WORK INSTRUCTIONS: Would you print the records below from the first line through the line containing "text Artikel 10", skipping the pictures?

━━ STORED DATA

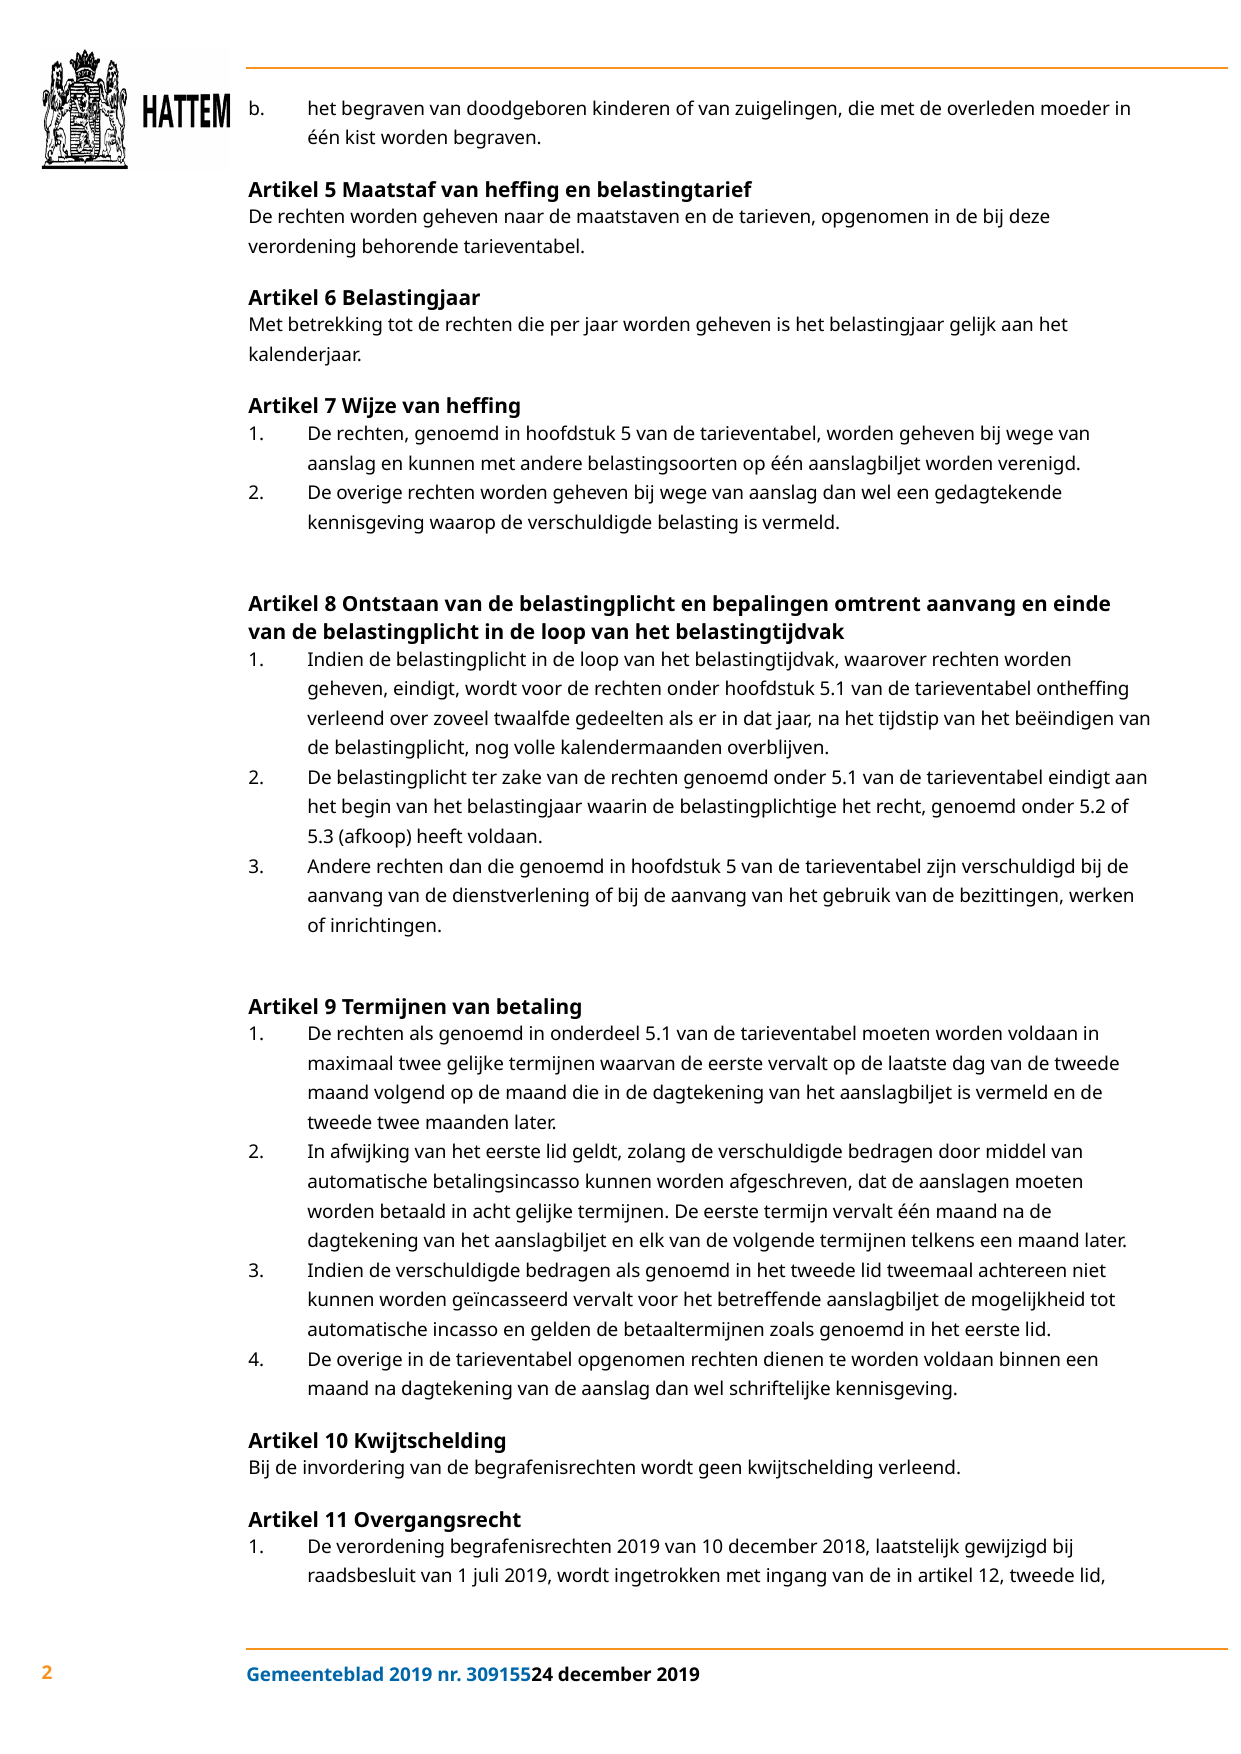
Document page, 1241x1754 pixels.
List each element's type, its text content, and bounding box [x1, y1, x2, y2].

list De overige in de tarieventabel opgenomen rechten dienen te worden voldaan binnen een maand na dagtekening van de aanslag dan wel schriftelijke kennisgeving. [248, 1346, 1152, 1401]
text Artikel 5 Maatstaf van heffing en belastingtarief [248, 175, 1152, 203]
text Artikel 10 Kwijtschelding [248, 1426, 1152, 1454]
list Indien de verschuldigde bedragen als genoemd in het tweede lid tweemaal achtereen niet kunnen worden geïncasseerd vervalt voor het betreffende aanslagbiljet de mogelijkheid tot automatische incasso en gelden de betaaltermijnen zoals genoemd in het eerste lid. [248, 1257, 1152, 1342]
list De rechten als genoemd in onderdeel 5.1 van de tarieventabel moeten worden voldaan in maximaal twee gelijke termijnen waarvan de eerste vervalt op de laatste dag van de tweede maand volgend op de maand die in de dagtekening van het aanslagbiljet is vermeld en de tweede twee maanden later. [248, 1020, 1152, 1135]
text Artikel 8 Ontstaan van de belastingplicht en bepalingen omtrent aanvang en einde van de belastingplicht in de loop van het belastingtijdvak [248, 589, 1152, 646]
list Indien de belastingplicht in de loop van het belastingtijdvak, waarover rechten worden geheven, eindigt, wordt voor de rechten onder hoofdstuk 5.1 van de tarieventabel ontheffing verleend over zoveel twaalfde gedeelten als er in dat jaar, na het tijdstip van het beëindigen van de belastingplicht, nog volle kalendermaanden overblijven. [248, 646, 1152, 760]
text Artikel 7 Wijze van heffing [248, 392, 1152, 420]
list In afwijking van het eerste lid geldt, zolang de verschuldigde bedragen door middel van automatische betalingsincasso kunnen worden afgeschreven, dat de aanslagen moeten worden betaald in acht gelijke termijnen. De eerste termijn vervalt één maand na de dagtekening van het aanslagbiljet en elk van de volgende termijnen telkens een maand later. [248, 1139, 1152, 1253]
text Artikel 11 Overgangsrecht [248, 1505, 1152, 1533]
list het begraven van doodgeboren kinderen of van zuigelingen, die met de overleden moeder in één kist worden begraven. [248, 95, 1152, 150]
list Andere rechten dan die genoemd in hoofdstuk 5 van de tarieventabel zijn verschuldigd bij de aanvang van de dienstverlening of bij de aanvang van het gebruik van de bezittingen, werken of inrichtingen. [248, 853, 1152, 938]
list De rechten, genoemd in hoofdstuk 5 van de tarieventabel, worden geheven bij wege van aanslag en kunnen met andere belastingsoorten op één aanslagbiljet worden verenigd. [248, 420, 1152, 475]
list De belastingplicht ter zake van de rechten genoemd onder 5.1 van de tarieventabel eindigt aan het begin van het belastingjaar waarin de belastingplichtige het recht, genoemd onder 5.2 of 5.3 (afkoop) heeft voldaan. [248, 764, 1152, 849]
list De overige rechten worden geheven bij wege van aanslag dan wel een gedagtekende kennisgeving waarop de verschuldigde belasting is vermeld. [248, 479, 1152, 534]
text De rechten worden geheven naar de maatstaven en de tarieven, opgenomen in de bij deze verordening behorende tarieventabel. [248, 203, 1152, 258]
text Bij de invordering van de begrafenisrechten wordt geen kwijtschelding verleend. [248, 1454, 1152, 1480]
text Artikel 6 Belastingjaar [248, 283, 1152, 312]
list De verordening begrafenisrechten 2019 van 10 december 2018, laatstelijk gewijzigd bij raadsbesluit van 1 juli 2019, wordt ingetrokken met ingang van de in artikel 12, tweede lid, [248, 1533, 1152, 1588]
text Artikel 9 Termijnen van betaling [248, 992, 1152, 1020]
picture [41, 47, 231, 172]
text Met betrekking tot de rechten die per jaar worden geheven is het belastingjaar gelijk aan het kalenderjaar. [248, 312, 1152, 367]

━━━━

SOLVED EXERCISE:
Document page, 1241x1754 pixels.
List each element's type, its text content, and bounding box [x1, y1, x2, y2].

list De overige in de tarieventabel opgenomen rechten dienen te worden voldaan binnen een maand na dagtekening van de aanslag dan wel schriftelijke kennisgeving. [248, 1346, 1152, 1401]
text Artikel 5 Maatstaf van heffing en belastingtarief [248, 175, 1152, 203]
text Artikel 10 Kwijtschelding [248, 1426, 1152, 1454]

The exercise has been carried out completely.